Well, the valuation in natural gas is determined by 2 things: number one, demand; and number two is supply. Demand has been actually growing very rapidly, and my guess is it will continue to grow. And natural gas has been taking market share away from oil. But the issue is that the supply of natural gas has grown rapidly as well. My guess, and I stated this before, is that the equilibrium price for natural gas is about somewhere between $4 and $4.50 per Mcf, which is the equivalent of $25 to $30 per barrel of oil. So it still is, as I like to call it, BTUs on the cheap. And the thing that's happened is that we have gone from an era, a long era, where natural gas was seen as a commodity that's in short supply or very scarce to one that's in abundant supply. So I think as more and more people understand that and factor it into their capital spending, you will continue to see a natural gas consumption increase without natural gas prices running away because, as I said, there is so much supply that's available at that price range of $4 to $4.50 per Mcf.

Operator

Operator

[Operator Instructions] Your next question comes from the line of Andy Baker with Barclays.

Andrew Baker

Analyst · Barclays.

Just a question. Jim, you were talking just a second ago about natural gas taking share from oil. Where do you see that happening?

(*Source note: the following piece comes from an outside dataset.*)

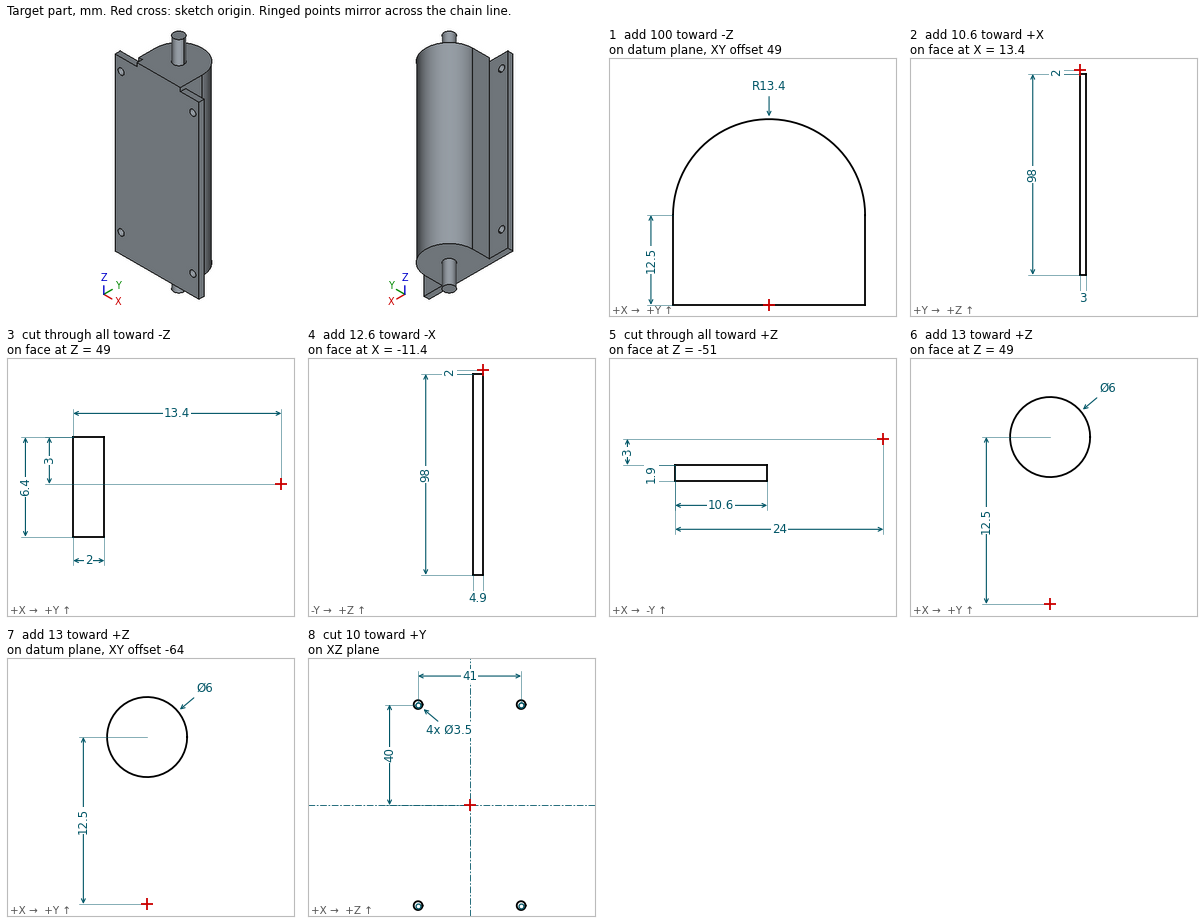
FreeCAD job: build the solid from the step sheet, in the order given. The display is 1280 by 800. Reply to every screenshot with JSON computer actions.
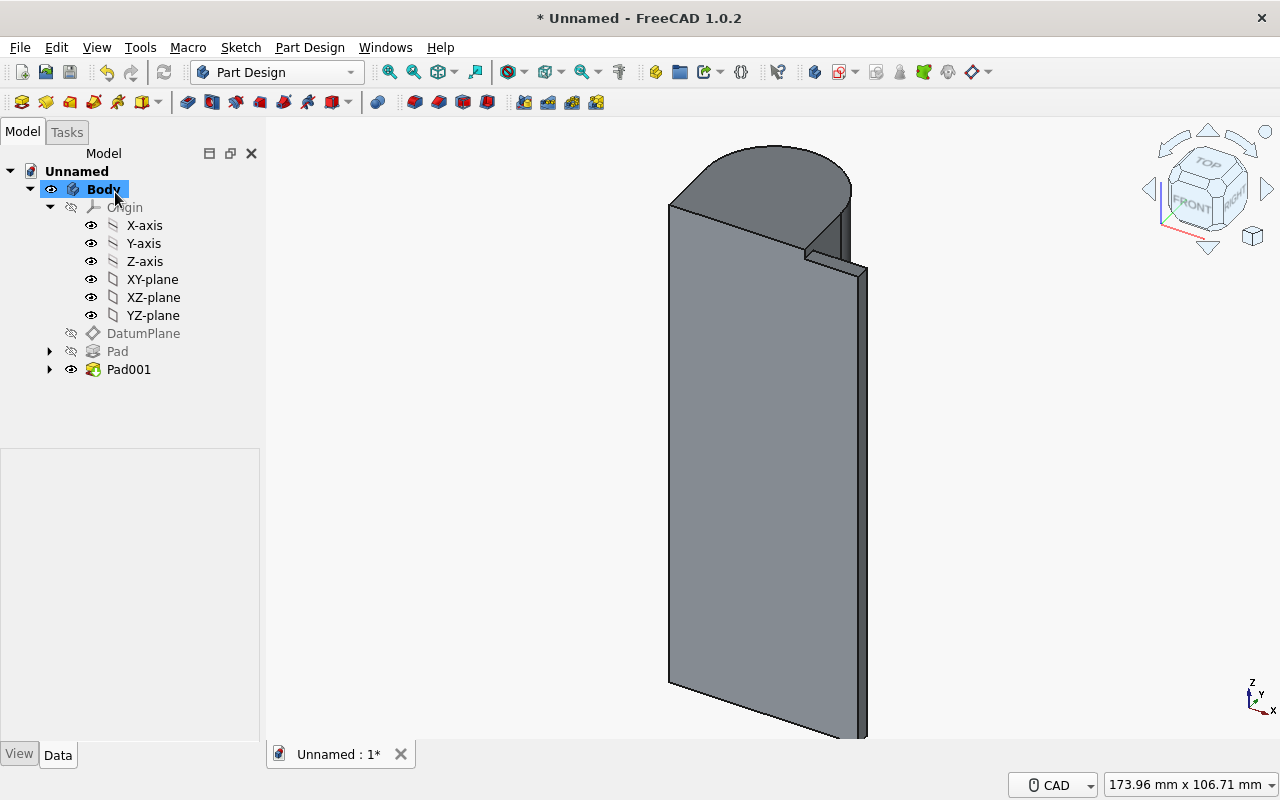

And I guess over the next 5 to 10 years as this pricing plays out, where do you think the -- which industries do you think are most likely to make this switch or can realize the best benefit from [indiscernible] to the low-cost BTUs?

James S. Tisch

Analyst · Barclays.

So the only place generally where there's been this direct head-to-head competition of natural gas and oil is in transportation fuels. But when you look at the energy mix of the U.S. economy, you see that oil has come down and natural gas has gone up. The price where natural gas is taking very significant market share over the past several years has been in power production. And there, natural gas has taken market share from coal. The other thing that's happened is that oil consumption has declined -- steadily declined in the United States since about '07. And the reason for that is either improved miles per gallon on cars or flat -- or miles driven not increasing so dramatically. But it hasn't really been so much gas on oil competition.

Andrew Baker

Analyst · Barclays.

And just one other question on hotels. I guess the question is why now, why we make such a big investment. Or why are there more opportunities coming to you now than there have in the past? I mean, this is something we've talked about for a number of years and hoping that the -- you are well poised with your liquidity to take advantage of opportunities during the fiscal crisis. Now as we emerge, are there just more opportunities coming your way now or -- so that you are more comfortable with the outlook for the properties that are on the market? I mean, how do we think about the timing decisions here?

James S. Tisch

Analyst · Barclays.

I'd say it's 2 things. Number one, we do see opportunities. There are not many hotels that are being built now even though the hotel business is reasonably good. So that's an environment where we like to be developing hotels, combined with the fact that we have a management team now that is very adept at acquiring hotels. They understand very well how to finance hotels not only with debt but also with equity investors. And so we're making use of their expertise.

Andrew Baker

Analyst · Barclays.

And just one last for Pete. I missed what you said on the call what the year-end corporate cash and debt balances were.

Peter W. Keegan

Analyst · Barclays.

It's about 3.9 billion.

James S. Tisch

Analyst · Barclays.

And the debt on Loews is about $700 million.

Peter W. Keegan

Analyst · Barclays.

The debt is yes, $700 million.

Operator

Operator

That was our final question. Now I'd like to turn the floor back over to Mary Skafidas for any closing remarks.

Mary Skafidas

Analyst

Great. Thank you, everyone. Thank you for your continued interest. A replay is going to be available on our website in the next 2 hours. And this concludes our call for today.

Operator

Operator

Thank you. This concludes today's conference call. You may now disconnect.